[INPUT — start]
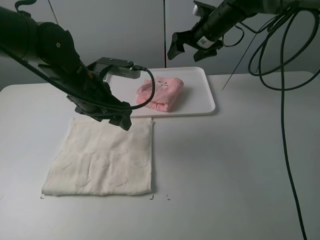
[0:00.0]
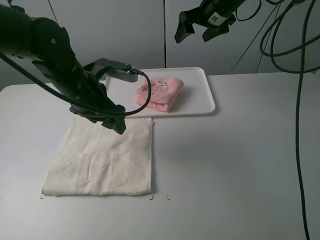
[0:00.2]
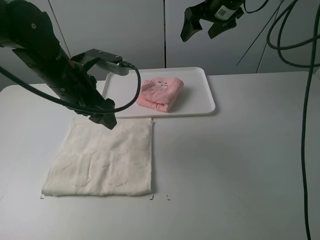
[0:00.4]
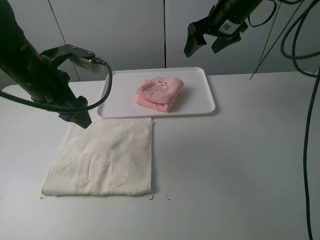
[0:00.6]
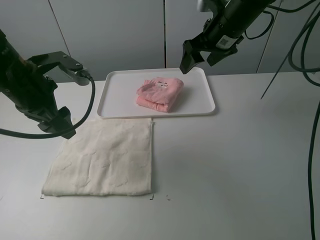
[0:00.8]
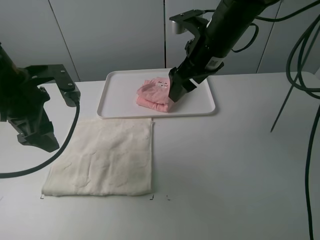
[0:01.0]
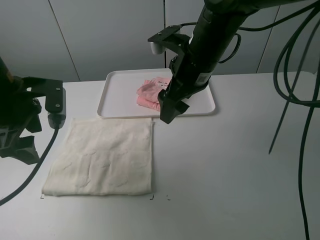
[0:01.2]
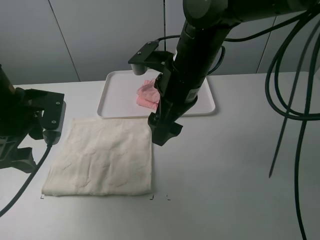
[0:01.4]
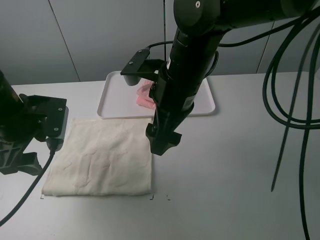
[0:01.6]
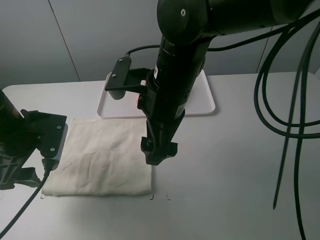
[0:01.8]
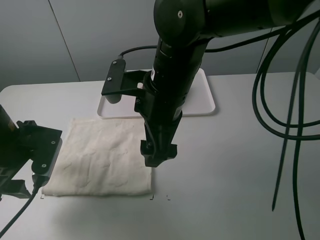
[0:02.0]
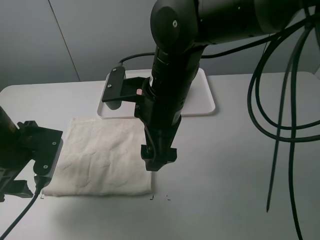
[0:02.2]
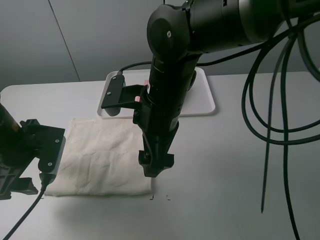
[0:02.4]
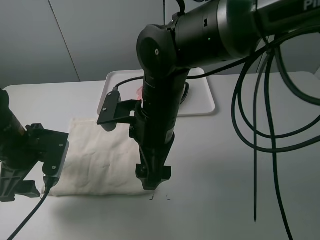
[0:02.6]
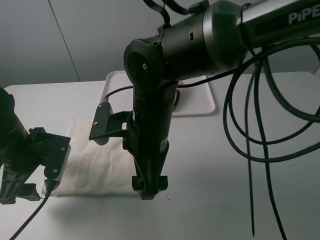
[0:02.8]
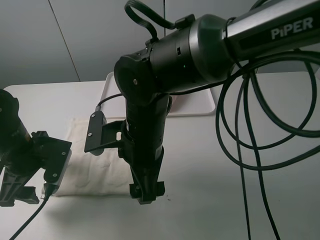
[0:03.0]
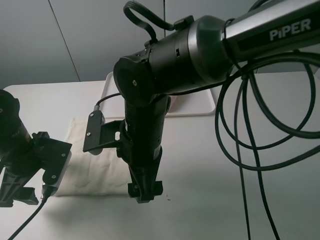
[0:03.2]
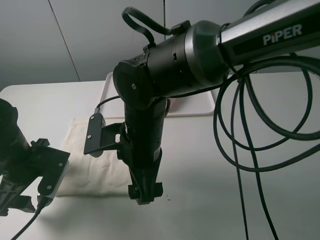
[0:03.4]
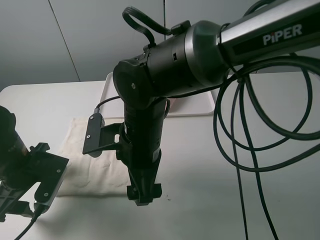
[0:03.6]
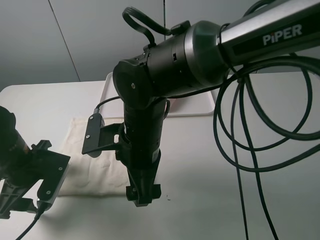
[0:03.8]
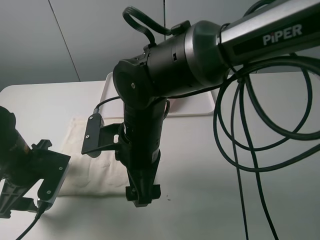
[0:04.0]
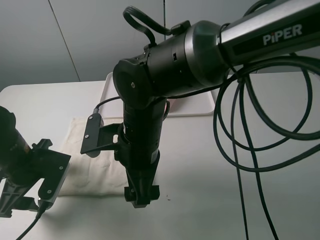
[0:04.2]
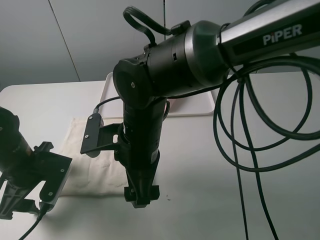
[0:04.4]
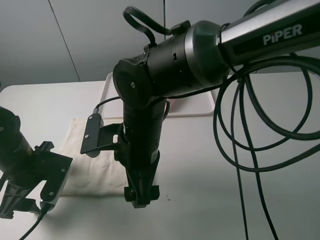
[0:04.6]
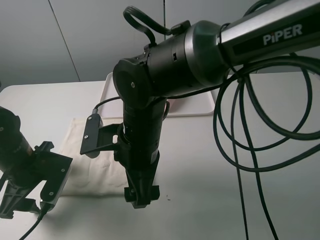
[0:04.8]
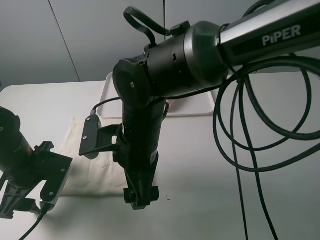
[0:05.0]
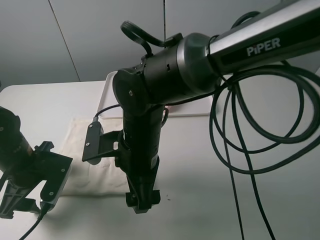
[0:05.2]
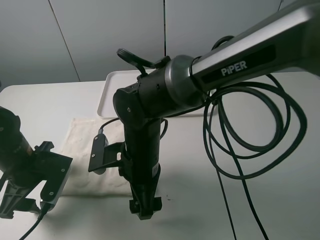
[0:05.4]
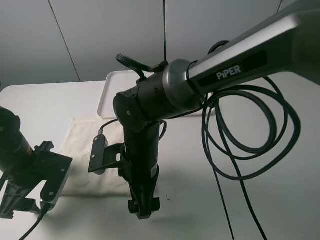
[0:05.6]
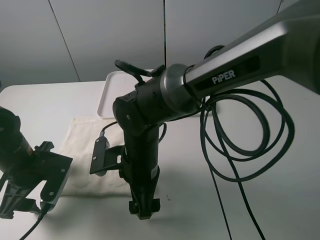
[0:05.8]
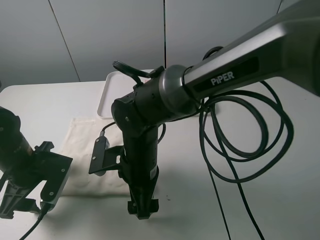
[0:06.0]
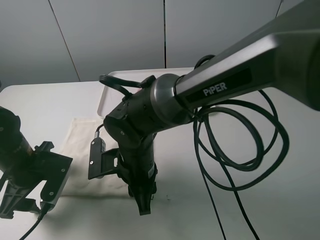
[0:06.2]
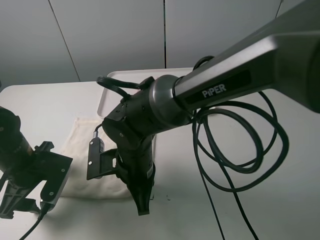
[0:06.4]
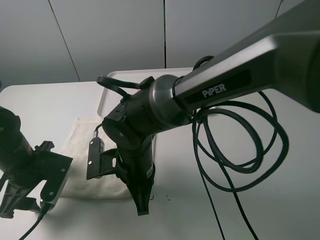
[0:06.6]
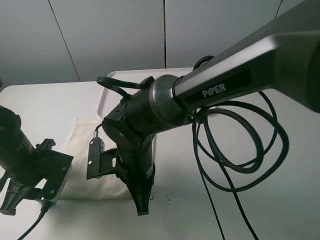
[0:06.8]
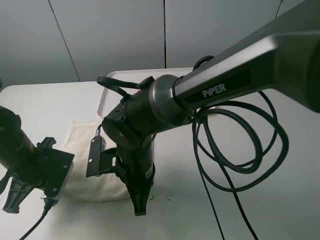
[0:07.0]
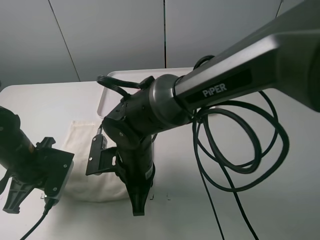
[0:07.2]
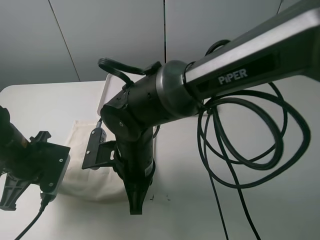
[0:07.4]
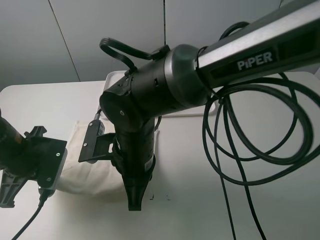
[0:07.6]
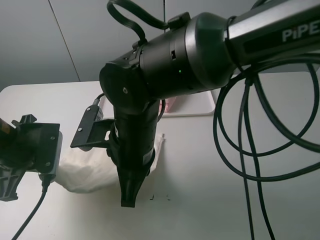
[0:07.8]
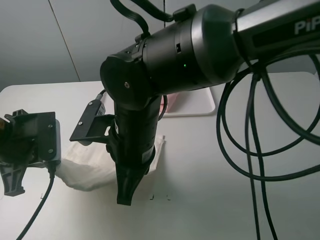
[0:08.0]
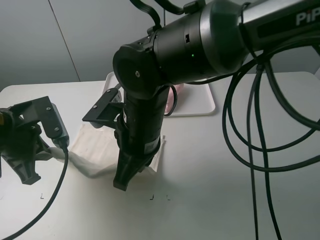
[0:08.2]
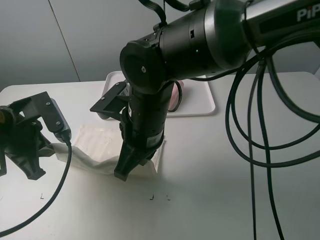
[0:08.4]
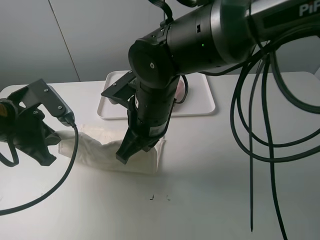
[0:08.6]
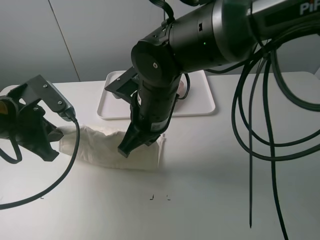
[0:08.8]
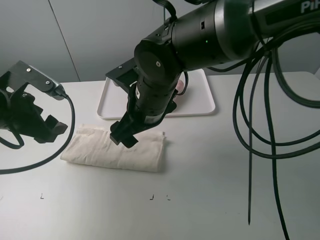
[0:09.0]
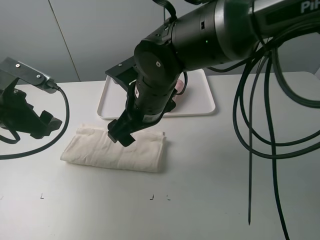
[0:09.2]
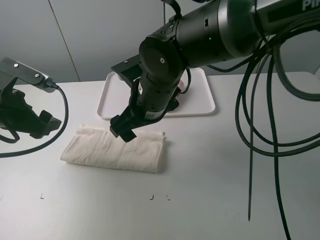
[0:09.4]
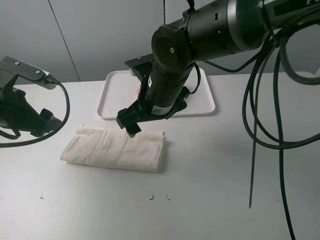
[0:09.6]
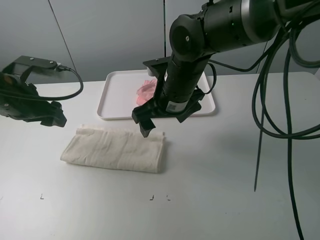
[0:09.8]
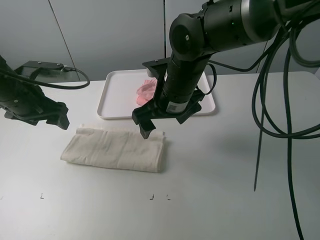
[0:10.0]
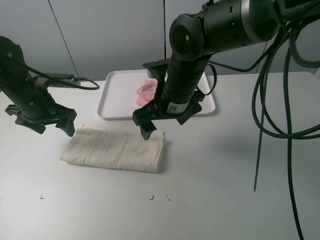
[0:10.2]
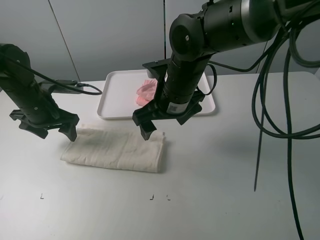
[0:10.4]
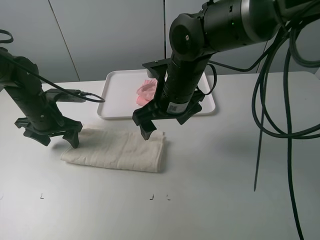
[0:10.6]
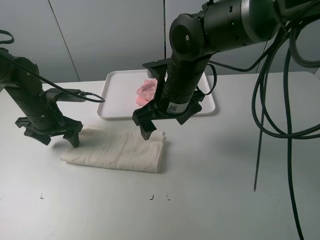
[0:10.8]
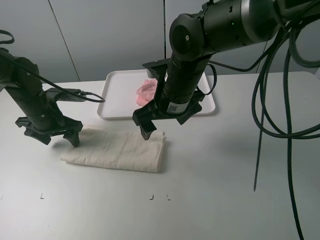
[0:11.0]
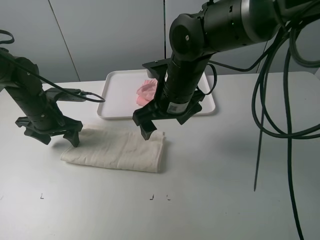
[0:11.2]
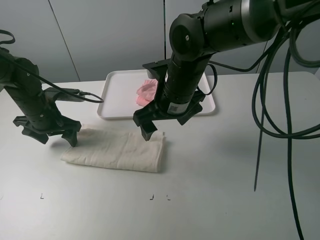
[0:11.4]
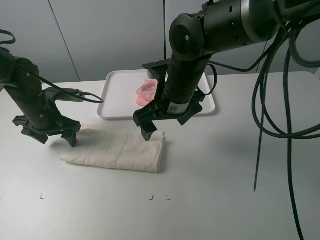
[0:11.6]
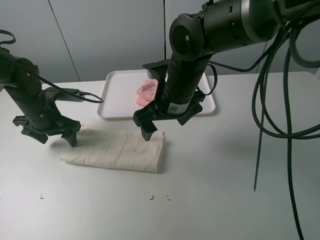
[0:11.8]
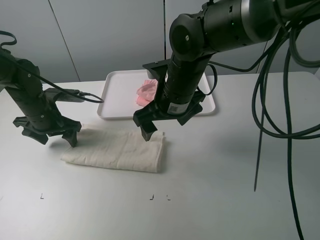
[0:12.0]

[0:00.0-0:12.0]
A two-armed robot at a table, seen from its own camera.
Task of the whole recording: fold one of the towels by two grippers and place it on the tray,then fold another towel by two grippers and place it on the folded towel.
Step, 0:00.0 to 0:06.8: Grasp the white towel with the left gripper.
Step, 0:07.0 to 0:09.2: Fold the white towel upwards with the left gripper.
0:00.0 to 0:01.6: The left gripper travels to the left and backward by some 15 cm. The right gripper travels backward and to the left by some 25 cm.
0:01.6 to 0:03.0: The right gripper heads downward and to the left, covering approximately 10 cm; the left gripper heads downward, covering about 5 cm.
0:04.4 to 0:06.0: The right gripper heads downward, covering roughly 5 cm.
0:06.0 to 0:07.6: The left gripper closes. Meanwhile the right gripper goes about 5 cm upward, and closes.
0:07.6 to 0:09.0: The right gripper heads forward, covering about 5 cm, and opens its fingers. Meanwhile the left gripper goes approximately 5 cm upward, and opens.
0:09.0 to 0:10.4: The left gripper goes roughly 10 cm forward and downward. The right gripper changes place by approximately 5 cm.
0:10.4 to 0:12.0: The grippers stay close to where they were, moving slightly.
[INPUT — finish]
→ **THE TASK**: Everything in the records above except the pictures is to be reproduced word for word.

→ **ANSWER SPACE**:
[0:00.0]
[0:00.2]
[0:00.4]
[0:00.6]
[0:00.8]
[0:01.0]
[0:01.2]
[0:01.4]
[0:01.6]
[0:01.8]
[0:02.0]
[0:02.2]
[0:02.4]
[0:02.6]
[0:02.8]
[0:03.0]
[0:03.2]
[0:03.4]
[0:03.6]
[0:03.8]
[0:04.0]
[0:04.2]
[0:04.4]
[0:04.6]
[0:04.8]
[0:05.0]
[0:05.2]
[0:05.4]
[0:05.6]
[0:05.8]
[0:06.0]
[0:06.2]
[0:06.4]
[0:06.6]
[0:06.8]
[0:07.0]
[0:07.2]
[0:07.4]
[0:07.6]
[0:07.8]
[0:08.0]
[0:08.2]
[0:08.4]
[0:08.6]
[0:08.8]
[0:09.0]
[0:09.2]
[0:09.4]
[0:09.6]
[0:09.8]
[0:10.0]
[0:10.2]
[0:10.4]
[0:10.6]
[0:10.8]
[0:11.0]
[0:11.2]
[0:11.4]
[0:11.6]
[0:11.8]
[0:12.0]

[0:00.0-0:12.0]
A two-armed robot at a table, seen from its own camera.
Task of the whole recording: fold one of the towels by two grippers and place it on the tray,then fold another towel by two grippers and place it on the folded towel.
Step, 0:00.0 to 0:06.8: Grasp the white towel with the left gripper.
Step, 0:07.0 to 0:09.2: Fold the white towel upwards with the left gripper.
0:00.0 to 0:01.6: The left gripper travels to the left and backward by some 15 cm. The right gripper travels backward and to the left by some 25 cm.
0:01.6 to 0:03.0: The right gripper heads downward and to the left, covering approximately 10 cm; the left gripper heads downward, covering about 5 cm.
0:04.4 to 0:06.0: The right gripper heads downward, covering roughly 5 cm.
0:06.0 to 0:07.6: The left gripper closes. Meanwhile the right gripper goes about 5 cm upward, and closes.
0:07.6 to 0:09.0: The right gripper heads forward, covering about 5 cm, and opens its fingers. Meanwhile the left gripper goes approximately 5 cm upward, and opens.
0:09.0 to 0:10.4: The left gripper goes roughly 10 cm forward and downward. The right gripper changes place by approximately 5 cm.
0:10.4 to 0:12.0: The grippers stay close to where they were, moving slightly.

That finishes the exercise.